Faced with a huge and growing variance between what their measurements and observations of nature (both micro and macro) show, and what the "laws" of science indicate they should show, physicists and cosmologists (including not a few Nobelists) speak more and more in terms of radical—heretical! humbling!—reformulations of, well, everything we thought we knew. Jab this little particle right here and that little particle way over there (like, a billion light years away) responds INSTANTLY? Oops. That can’t be. The expansion of our Big Bang universe is ACCELERATING? Uh-oh. No way.

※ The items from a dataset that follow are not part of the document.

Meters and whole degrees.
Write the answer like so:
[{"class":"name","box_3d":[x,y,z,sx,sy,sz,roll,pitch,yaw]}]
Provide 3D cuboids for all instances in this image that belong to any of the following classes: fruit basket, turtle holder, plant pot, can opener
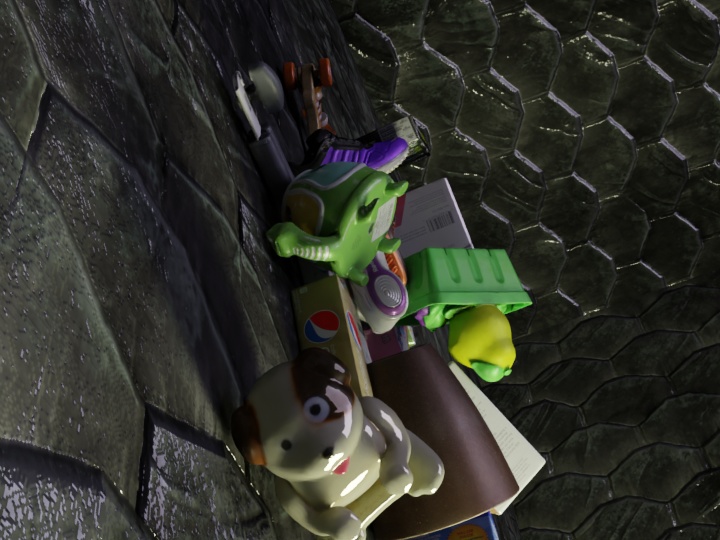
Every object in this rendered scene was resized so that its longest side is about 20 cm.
[{"class":"fruit basket","box_3d":[0.152,0.072,1.588,0.214,0.155,0.218,13,67,-33]},{"class":"turtle holder","box_3d":[-0.035,-0.056,1.349,0.186,0.131,0.142,-56,158,-27]},{"class":"plant pot","box_3d":[0.074,0.197,1.314,0.187,0.185,0.202,6,65,-81]},{"class":"can opener","box_3d":[-0.108,-0.167,1.370,0.054,0.066,0.201,-96,165,-57]}]

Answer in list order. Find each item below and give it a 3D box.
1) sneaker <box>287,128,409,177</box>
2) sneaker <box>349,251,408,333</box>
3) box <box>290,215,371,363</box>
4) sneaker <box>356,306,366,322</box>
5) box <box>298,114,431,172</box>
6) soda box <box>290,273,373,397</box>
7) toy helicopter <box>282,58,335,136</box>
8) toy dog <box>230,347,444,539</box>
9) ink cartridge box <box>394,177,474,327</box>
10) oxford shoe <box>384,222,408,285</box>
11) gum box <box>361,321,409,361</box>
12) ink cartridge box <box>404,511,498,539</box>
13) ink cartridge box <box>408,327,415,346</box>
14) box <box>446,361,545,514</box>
[{"class":"sneaker","box_3d":[-0.025,-0.161,1.524,0.100,0.199,0.069,63,-21,-6]},{"class":"sneaker","box_3d":[0.001,-0.003,1.520,0.100,0.074,0.202,112,-38,-58]},{"class":"box","box_3d":[-0.040,0.031,1.467,0.156,0.041,0.202,54,17,-67]},{"class":"sneaker","box_3d":[0.000,0.000,1.650,0.083,0.080,0.202,40,35,-43]},{"class":"box","box_3d":[0.006,-0.170,1.686,0.193,0.198,0.048,-8,75,-81]},{"class":"soda box","box_3d":[-0.030,0.108,1.270,0.068,0.063,0.201,61,12,-50]},{"class":"toy helicopter","box_3d":[-0.079,-0.252,1.840,0.132,0.078,0.202,75,9,-71]},{"class":"toy dog","box_3d":[-0.029,0.141,0.948,0.195,0.139,0.200,60,2,26]},{"class":"ink cartridge box","box_3d":[0.104,-0.028,1.740,0.083,0.145,0.202,-144,-147,-89]},{"class":"oxford shoe","box_3d":[0.030,-0.056,1.590,0.072,0.071,0.201,-4,58,-40]},{"class":"gum box","box_3d":[0.030,0.087,1.725,0.201,0.066,0.114,-95,163,-62]},{"class":"ink cartridge box","box_3d":[0.112,0.375,1.346,0.201,0.135,0.077,-99,172,-54]},{"class":"ink cartridge box","box_3d":[0.033,0.032,1.871,0.104,0.059,0.202,-101,170,-69]},{"class":"box","box_3d":[0.147,0.247,1.593,0.200,0.106,0.152,46,-16,-1]}]
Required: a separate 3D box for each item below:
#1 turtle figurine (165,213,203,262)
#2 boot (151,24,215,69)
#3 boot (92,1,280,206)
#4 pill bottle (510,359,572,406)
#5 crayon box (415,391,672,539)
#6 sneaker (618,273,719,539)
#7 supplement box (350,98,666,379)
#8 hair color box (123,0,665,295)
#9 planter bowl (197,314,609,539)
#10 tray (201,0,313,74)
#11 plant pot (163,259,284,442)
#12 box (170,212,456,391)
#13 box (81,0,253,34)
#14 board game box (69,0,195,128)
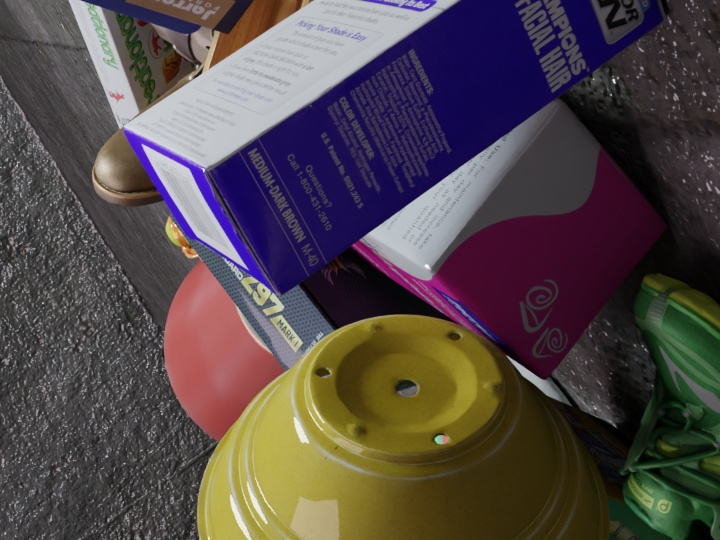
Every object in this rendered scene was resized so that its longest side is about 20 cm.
[{"bbox_3d":[-0.073,-0.047,0.992,0.200,0.160,0.065,-137,26,-68],"label":"turtle figurine"},{"bbox_3d":[-0.077,-0.143,0.925,0.146,0.070,0.200,35,178,-8],"label":"boot"},{"bbox_3d":[-0.078,-0.114,0.798,0.074,0.200,0.076,39,158,33],"label":"boot"},{"bbox_3d":[0.057,0.155,0.967,0.115,0.199,0.115,50,165,18],"label":"pill bottle"},{"bbox_3d":[0.121,0.126,0.794,0.199,0.058,0.119,25,-165,-49],"label":"crayon box"},{"bbox_3d":[0.169,0.089,0.679,0.074,0.083,0.201,37,157,52],"label":"sneaker"},{"bbox_3d":[0.044,-0.043,0.717,0.101,0.104,0.200,42,175,-33],"label":"supplement box"},{"bbox_3d":[0.012,-0.080,0.569,0.065,0.199,0.109,59,166,-26],"label":"hair color box"},{"bbox_3d":[0.021,0.080,0.645,0.200,0.199,0.084,44,145,40],"label":"planter bowl"},{"bbox_3d":[-0.040,-0.121,0.721,0.037,0.201,0.099,14,-170,-31],"label":"tray"},{"bbox_3d":[-0.051,0.035,1.115,0.201,0.200,0.177,53,157,7],"label":"plant pot"},{"bbox_3d":[0.000,0.000,0.863,0.158,0.199,0.051,52,121,20],"label":"box"},{"bbox_3d":[-0.085,-0.180,0.666,0.200,0.120,0.033,-42,46,44],"label":"box"},{"bbox_3d":[-0.150,-0.194,1.014,0.034,0.127,0.200,23,156,17],"label":"board game box"}]
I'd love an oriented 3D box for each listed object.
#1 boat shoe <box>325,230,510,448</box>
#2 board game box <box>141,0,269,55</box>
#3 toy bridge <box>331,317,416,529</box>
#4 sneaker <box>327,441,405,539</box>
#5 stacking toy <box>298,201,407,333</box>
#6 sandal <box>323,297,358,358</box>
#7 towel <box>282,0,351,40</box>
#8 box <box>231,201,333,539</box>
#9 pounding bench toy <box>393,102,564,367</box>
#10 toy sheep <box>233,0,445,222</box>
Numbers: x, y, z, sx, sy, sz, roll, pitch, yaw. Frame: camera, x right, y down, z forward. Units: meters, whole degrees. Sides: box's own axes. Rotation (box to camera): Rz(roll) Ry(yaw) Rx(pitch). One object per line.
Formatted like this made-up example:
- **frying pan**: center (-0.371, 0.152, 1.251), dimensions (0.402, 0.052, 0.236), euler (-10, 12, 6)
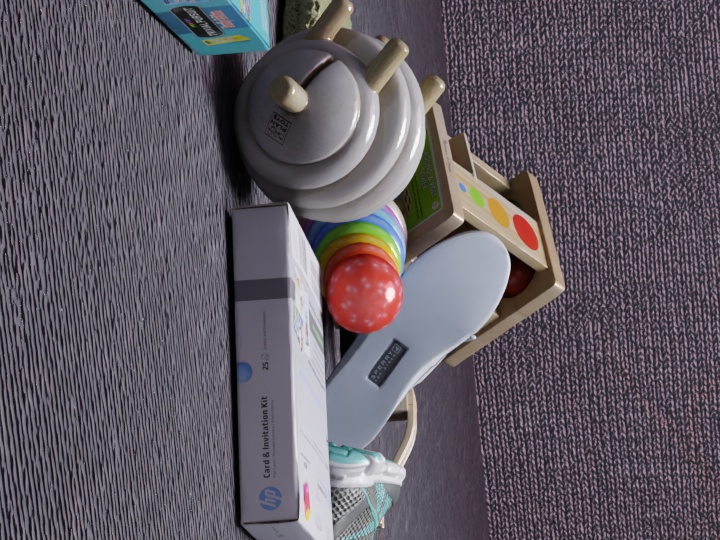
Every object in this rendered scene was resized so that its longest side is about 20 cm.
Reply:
- **boat shoe**: center (0.036, 0.052, 1.744), dimensions (0.202, 0.074, 0.086), euler (-53, -175, 1)
- **board game box**: center (-0.092, -0.212, 1.273), dimensions (0.200, 0.046, 0.152), euler (36, 50, -81)
- **toy bridge**: center (0.012, 0.112, 1.876), dimensions (0.027, 0.067, 0.202), euler (71, 16, -64)
- **sneaker**: center (-0.017, 0.171, 1.638), dimensions (0.200, 0.077, 0.092), euler (39, 63, -77)
- **stacking toy**: center (0.000, 0.000, 1.645), dimensions (0.200, 0.085, 0.086), euler (-106, -171, -74)
- **sandal**: center (-0.005, 0.024, 1.857), dimensions (0.075, 0.048, 0.201), euler (40, 35, -32)
- **towel**: center (-0.035, -0.179, 1.817), dimensions (0.149, 0.036, 0.201), euler (77, 11, -48)
- **box**: center (-0.049, 0.076, 1.479), dimensions (0.156, 0.041, 0.202), euler (65, 20, -73)
- **pounding bench toy**: center (0.064, -0.053, 1.859), dimensions (0.156, 0.124, 0.201), euler (32, 35, -39)
- **toy sheep**: center (-0.019, -0.098, 1.491), dimensions (0.200, 0.137, 0.139), euler (33, 51, -65)
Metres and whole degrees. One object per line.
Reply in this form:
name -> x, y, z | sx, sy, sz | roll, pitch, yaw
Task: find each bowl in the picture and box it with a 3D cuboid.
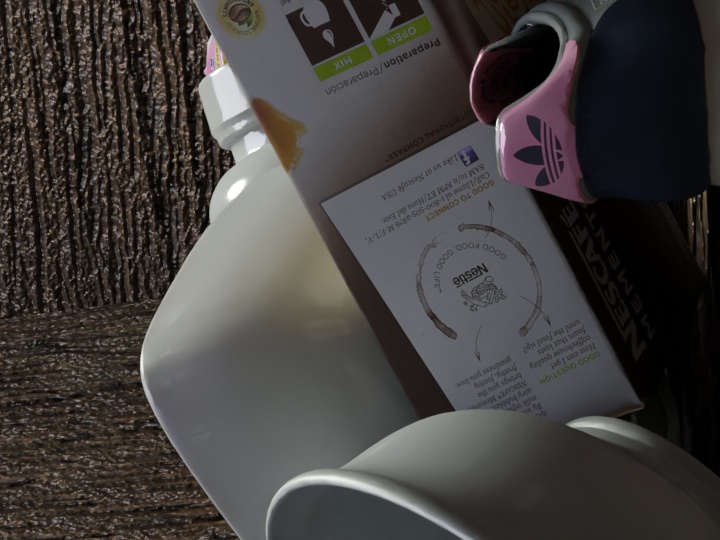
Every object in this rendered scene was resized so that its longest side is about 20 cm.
bowl -> 0.073, 0.111, 0.831 | 0.201, 0.090, 0.201 | 34, 153, 20
bowl -> 0.025, 0.052, 0.977 | 0.200, 0.075, 0.200 | 54, -153, -13

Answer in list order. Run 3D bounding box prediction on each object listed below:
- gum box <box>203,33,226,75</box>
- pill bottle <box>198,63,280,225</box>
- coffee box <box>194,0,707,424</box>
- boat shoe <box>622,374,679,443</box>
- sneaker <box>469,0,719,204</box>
gum box -> 0.007, -0.159, 1.487 | 0.066, 0.199, 0.114 | 77, -173, -84
pill bottle -> 0.000, 0.000, 1.139 | 0.112, 0.112, 0.201 | 77, 173, -85
coffee box -> 0.032, -0.048, 0.897 | 0.200, 0.080, 0.114 | 62, -153, -11
boat shoe -> 0.089, -0.006, 1.078 | 0.068, 0.072, 0.200 | -98, -3, -51
sneaker -> 0.072, -0.074, 0.833 | 0.200, 0.082, 0.070 | -95, -2, -72
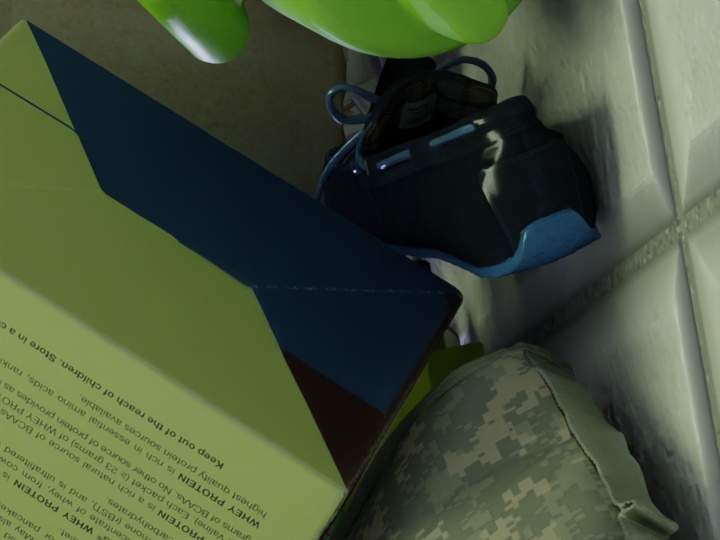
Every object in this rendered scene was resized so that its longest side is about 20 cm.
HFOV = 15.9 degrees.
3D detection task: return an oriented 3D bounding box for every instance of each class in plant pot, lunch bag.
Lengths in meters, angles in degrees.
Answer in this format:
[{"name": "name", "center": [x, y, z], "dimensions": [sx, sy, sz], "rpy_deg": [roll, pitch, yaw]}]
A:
[{"name": "plant pot", "center": [-0.102, -0.058, 1.125], "dimensions": [0.200, 0.183, 0.201], "rpy_deg": [-179, 90, -84]}, {"name": "lunch bag", "center": [0.045, 0.140, 0.889], "dimensions": [0.200, 0.117, 0.164], "rpy_deg": [-61, 19, 16]}]

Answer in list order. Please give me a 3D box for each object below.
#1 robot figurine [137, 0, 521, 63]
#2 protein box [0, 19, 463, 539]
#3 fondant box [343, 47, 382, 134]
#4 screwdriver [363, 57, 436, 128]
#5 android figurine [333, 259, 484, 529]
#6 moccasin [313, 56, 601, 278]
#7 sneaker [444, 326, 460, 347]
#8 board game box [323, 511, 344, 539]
[{"name": "robot figurine", "center": [-0.004, -0.145, 0.928], "dimensions": [0.116, 0.176, 0.200], "rpy_deg": [38, 180, -33]}, {"name": "protein box", "center": [-0.105, 0.058, 0.958], "dimensions": [0.200, 0.198, 0.135], "rpy_deg": [-59, -2, 36]}, {"name": "fondant box", "center": [-0.098, -0.113, 1.256], "dimensions": [0.058, 0.200, 0.145], "rpy_deg": [46, -154, -67]}, {"name": "screwdriver", "center": [0.000, 0.000, 1.141], "dimensions": [0.029, 0.028, 0.201], "rpy_deg": [-168, 91, -72]}, {"name": "android figurine", "center": [0.016, 0.100, 1.061], "dimensions": [0.182, 0.041, 0.201], "rpy_deg": [-19, 83, 53]}, {"name": "moccasin", "center": [0.037, -0.047, 0.973], "dimensions": [0.200, 0.080, 0.068], "rpy_deg": [11, 122, 66]}, {"name": "sneaker", "center": [0.007, 0.125, 1.159], "dimensions": [0.090, 0.067, 0.201], "rpy_deg": [-115, 39, -49]}, {"name": "board game box", "center": [-0.042, 0.155, 1.092], "dimensions": [0.135, 0.029, 0.200], "rpy_deg": [-34, 69, 49]}]

The measurements don’t lie. And the measurers—like so many others before (Copernicus, Galileo, Einstein)—are brought to their knees. Not, I hasten to add, in prayer, but in simple, pure, mute humility. "Pure" in the sense that it is an attitude that seeks not to repeat the old mistake of anthropomorphizing the mystery but tries only to report: This, right now, is where we are and what we are.

As in the past, that hard-won seed is the one from which a new, healthy culture can again arise out of the devastation of the power-hungry war-lovers.

Hope re-born in the terrible calm that finally descends after the new reign of terror ends and the arrogant, dead at last, sleep fitfully in forgotten graves.